Moreover, the government needs to establish if we have the necessary structures to manage the oil revenues. For example the Norwegian government has a very well-run sovereign wealth fund that effectively managed oil revenues to benefit future generations as well as crucially, to also 'inoculate' the local economy from currency over-valuation from an influx of dollar revenues. This was the cause of the so-called 'Dutch disease' phenomenon among many oil producers (Nigeria being a prime example) where an influx of dollars in the local economy led to overvalued local currencies that effectively biased imports vs. local production. Nigeria is a net food importer to this day.

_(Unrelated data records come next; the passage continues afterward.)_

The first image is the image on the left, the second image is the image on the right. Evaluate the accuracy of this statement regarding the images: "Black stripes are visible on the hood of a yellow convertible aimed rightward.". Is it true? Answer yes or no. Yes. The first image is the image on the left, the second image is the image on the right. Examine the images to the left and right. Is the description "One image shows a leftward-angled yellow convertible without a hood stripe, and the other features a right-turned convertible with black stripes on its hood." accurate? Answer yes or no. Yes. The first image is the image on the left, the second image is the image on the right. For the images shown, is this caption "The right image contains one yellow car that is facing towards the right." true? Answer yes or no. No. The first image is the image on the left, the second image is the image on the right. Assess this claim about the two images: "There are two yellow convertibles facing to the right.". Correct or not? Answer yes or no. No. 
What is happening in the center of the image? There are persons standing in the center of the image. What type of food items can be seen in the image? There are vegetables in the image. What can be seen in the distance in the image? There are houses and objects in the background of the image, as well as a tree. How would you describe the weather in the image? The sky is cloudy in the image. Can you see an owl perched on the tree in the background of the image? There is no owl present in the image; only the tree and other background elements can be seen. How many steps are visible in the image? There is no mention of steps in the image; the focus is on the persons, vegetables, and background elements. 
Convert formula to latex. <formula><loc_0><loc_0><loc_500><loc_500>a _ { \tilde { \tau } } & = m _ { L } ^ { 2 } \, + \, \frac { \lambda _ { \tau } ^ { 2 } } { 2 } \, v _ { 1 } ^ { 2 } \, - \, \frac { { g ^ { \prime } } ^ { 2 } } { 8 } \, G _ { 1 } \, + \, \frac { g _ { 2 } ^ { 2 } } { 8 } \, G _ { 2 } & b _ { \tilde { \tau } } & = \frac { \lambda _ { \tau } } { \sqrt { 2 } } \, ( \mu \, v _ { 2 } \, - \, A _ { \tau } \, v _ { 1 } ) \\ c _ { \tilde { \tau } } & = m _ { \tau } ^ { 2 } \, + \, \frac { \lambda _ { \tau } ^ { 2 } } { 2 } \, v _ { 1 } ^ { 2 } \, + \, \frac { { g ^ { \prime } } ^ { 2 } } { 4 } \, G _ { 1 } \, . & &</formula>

Additionally, the government would need to develop value-added industries around oil, from refining, to downstream industries such as petrochemicals, and not just export unrefined crude (only to import refined products at significant cost — to wit, see Nigeria). Given South Sudan and Uganda also have oil, the cost of building refining capacity in Kenya could be spread over greater production and make this more viable than it otherwise would be.
While the government needs macro policies to ensure we achieve optimal gains from oil revenues, it needs to be cautious that Kenya does not end up negating agriculture or tourism and must also focus on intergenerational wealth distribution. Agriculture and tourism policies could be enhanced as a direct result of increased revenues. The agricultural sector requires more coordinated and focused government support to develop self-sufficiency and surplus at a national level, and to maximize value from agricultural output. Despite the global accolades of Kenya as a preferred tourist destination in Africa, the tourism industry has yet to optimize its potential. It is highly likely that with more structured government funded programs in the sector, the number of tourists visiting the country would exceed the current two million mark and worrisome incidences, such as the inability to host 6,000 visitors during the 2004 Global Aids Conference in Nairobi, would be allayed.

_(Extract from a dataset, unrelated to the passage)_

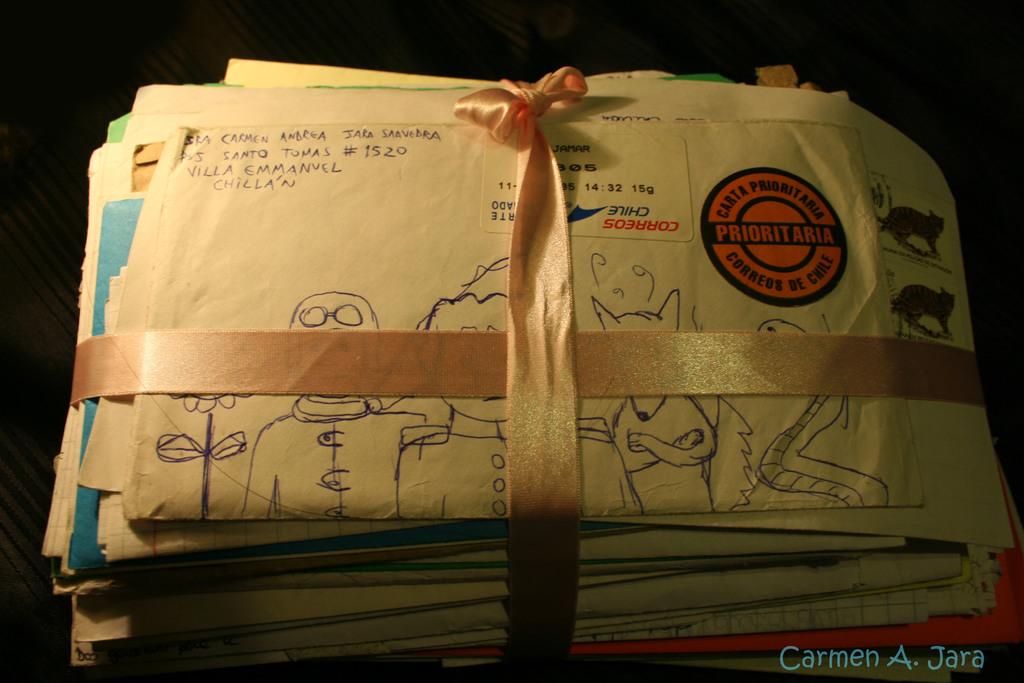Who took this photo?
Keep it short and to the point. Carmen a. jara.

So, what would be a likely scenario in order to bring change in the above-mentioned sectors? A review and enhancement of existing policies and development of new strategic, long-term focused policies that foster wealth distribution and consider the country’s geographical stratification would be a great start. Targeted funding in the following areas would also be central to driving change: first, infrastructure development to support transport, communication, and irrigation on a national scale; second, broad financial incentives, which would include lower interest rates and tax incentives within the sectors; third, preferential land use, allocation, and easy access; and ultimately, local and global market linkages for optimal economic returns.

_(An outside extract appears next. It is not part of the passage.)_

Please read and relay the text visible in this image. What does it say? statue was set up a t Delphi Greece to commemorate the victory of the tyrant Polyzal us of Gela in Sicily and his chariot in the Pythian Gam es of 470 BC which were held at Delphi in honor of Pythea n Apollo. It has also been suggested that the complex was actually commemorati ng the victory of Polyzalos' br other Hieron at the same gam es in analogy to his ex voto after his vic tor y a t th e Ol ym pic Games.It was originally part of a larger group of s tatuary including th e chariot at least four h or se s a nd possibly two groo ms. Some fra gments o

As Kenyans bask in indefensible delight because their beloved nation struck black gold, it is vital that political tactics that undermine scalable economic development and positive social mobility of marginalized Kenyans be laid to rest. Strong and strategic policies and public-private alliances should be reinforced and new ones forged as we contemplate what striking black gold really means for the nation. To conclude and ask the million-dollar question, who within the political realm has mapped out an all-inclusive strategy to Kenya’s economic, political and social issues? Are we still looking at egocentric-based politics? Kenyan citizens shall go to the polls soon and decide.
The views expressed in this article are the author's own and do not necessarily reflect Fair Observer’s editorial policy.